For every week elapsed, the odds for colonisation with P. aeruginosa in the non-augmented care setting increased by 19% in shower waters (OR= 1.19; CI= 1.09 - 1.31, P<0.001) and 18% in the drains (OR = 1.18; CI= 1.09 - 1.30, P<0.001). Odds for P. aeruginosa colonisation over time remained unchanged in the augmented care wards for showers (OR= 0.95; CI= 0.84 - 1.07, P=0.42) and drains (OR= 1.04; CI= 0.98 - 1.11, P=0.23). Graphical illustrations of the fitted change over time are shown in Figure 1 for showers, and for Figure 2 for drains.
b) Approach 2 – Occurrence of colonisation between interventions
The frequency of contamination of shower waters and drains with P. aeruginosa and odds of occurrence between interventions (introducing antimicrobial shower head-hose units) in augmented and non-augmented care wards is shown in table II. The pre-intervention (control) phase comprised the number and percentage of measurements where P. aeruginosa was present for each sample site/ward/timepoint combined. The first and second intervention depict the odds of P. aeruginosa occurrence in each period relative to the odds for the control period.

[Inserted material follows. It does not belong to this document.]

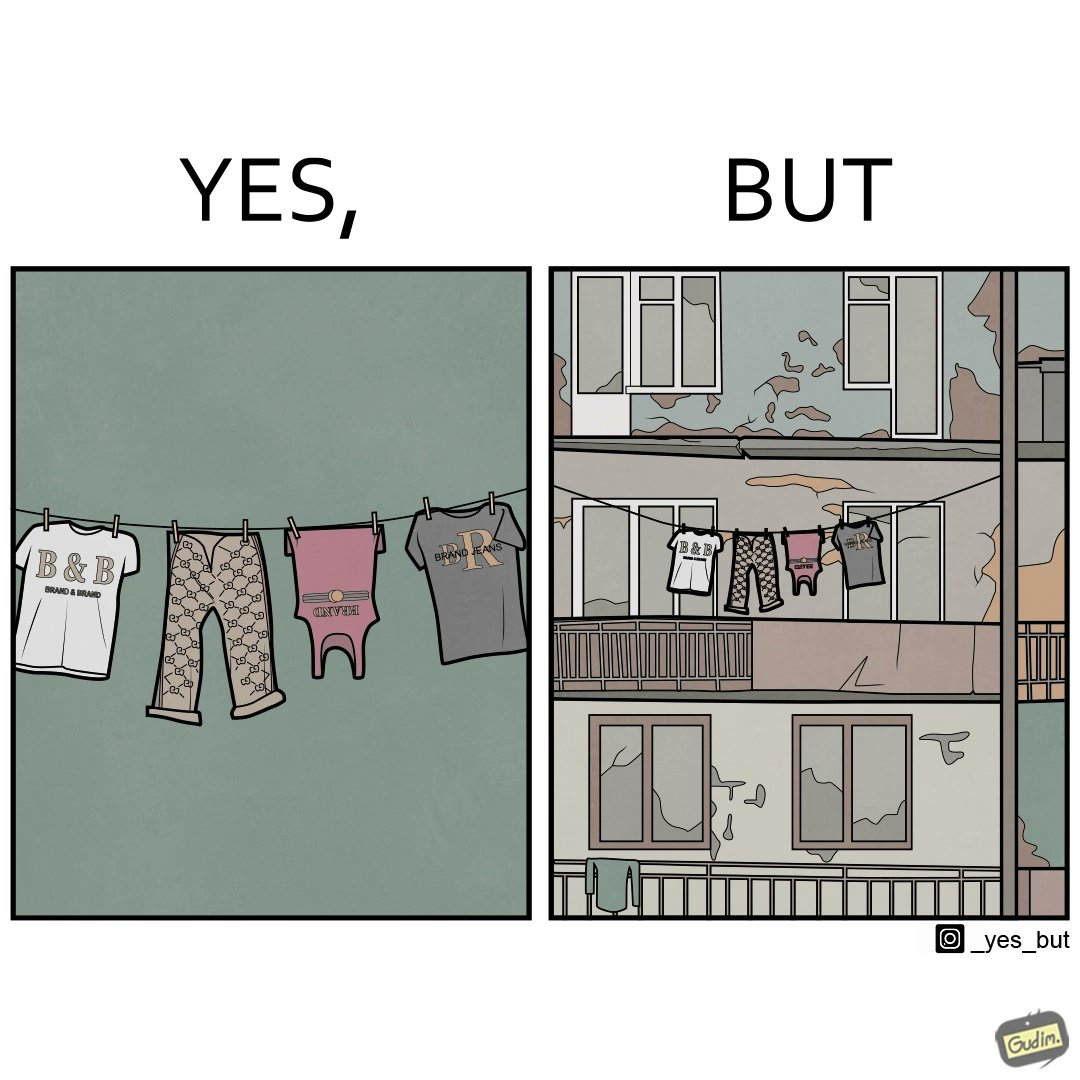Would you classify this image as satirical? Yes, this image is satirical.

Table II: Comparison of frequency and odds of occurrence of P. aeruginosa in shower waters and drain surfaces following interventions relative to a pre-intervention (control) phase.
Relative to the pre-intervention phase, the likelihood of shower water and drains in the non-augmented care setting (ward A) becoming colonised with P. aeruginosa increased over time (p<0.05), with the highest density of colonised showers/drains after the second intervention.
Colonisation of showers and drains in the augmented care ward (Ward B) persisted at high frequency regardless of the intervention.
Antimicrobial Susceptibility profiles
Of 274 positive P. aeruginosa samples, 117 were isolated from Ward A (69 shower head water; 48 shower drain) and 157 were isolated from Ward B (105 shower water and 52 shower drain). ASTs were performed on a 50% sample (Ward A shower water n=35; Ward A shower drain n=24; Ward B shower water n=53; Ward B shower drain n=26).
In the non-augmented care setting, cefepime resistance in P. aeruginosa from shower water declined after the first and second interventions (P<0.05) relative to the pre-intervention isolates with no changes observed in drain isolates (see supplementary Table 2). No other resistance profiles changed in relation to interventions on this ward.
The first set of analyses examined changes over the course of the study for measurements taken from showers in Ward A. A summary of the analysis results is shown in Supplementary Table 1.
Approximately 50% of the sample population of P. aeruginosa isolated from shower waters in the augmented care wards were resistant to imipenem in the pre-intervention phase. Frequency of imipenem-resistance declined to 12% and 31% after the first and second intervention respectively (P<0.05). No other significant differences were observed for the other antibiotics.
The final analyses compared between time periods for data from drains in Ward B. The results are summarised in Supplementary Table 4. Drains in the augmented care wards harboured P. aeruginosa with resistance to aztreonam in 75% of occasions during the pre-intervention phase that declined to 20% and 0% after subsequent interventions (first and second intervention respectively). Similarly, ciprofloxacin resistance in drain-derived P. aeruginosa declined after the interventions relative to the pre-intervention phase (P<0.05). Statistically significant differences between the three time periods were observed for ciprofloxacin, resistant measurements were most frequently seen in period 1, with a fewer in the subsequent time periods.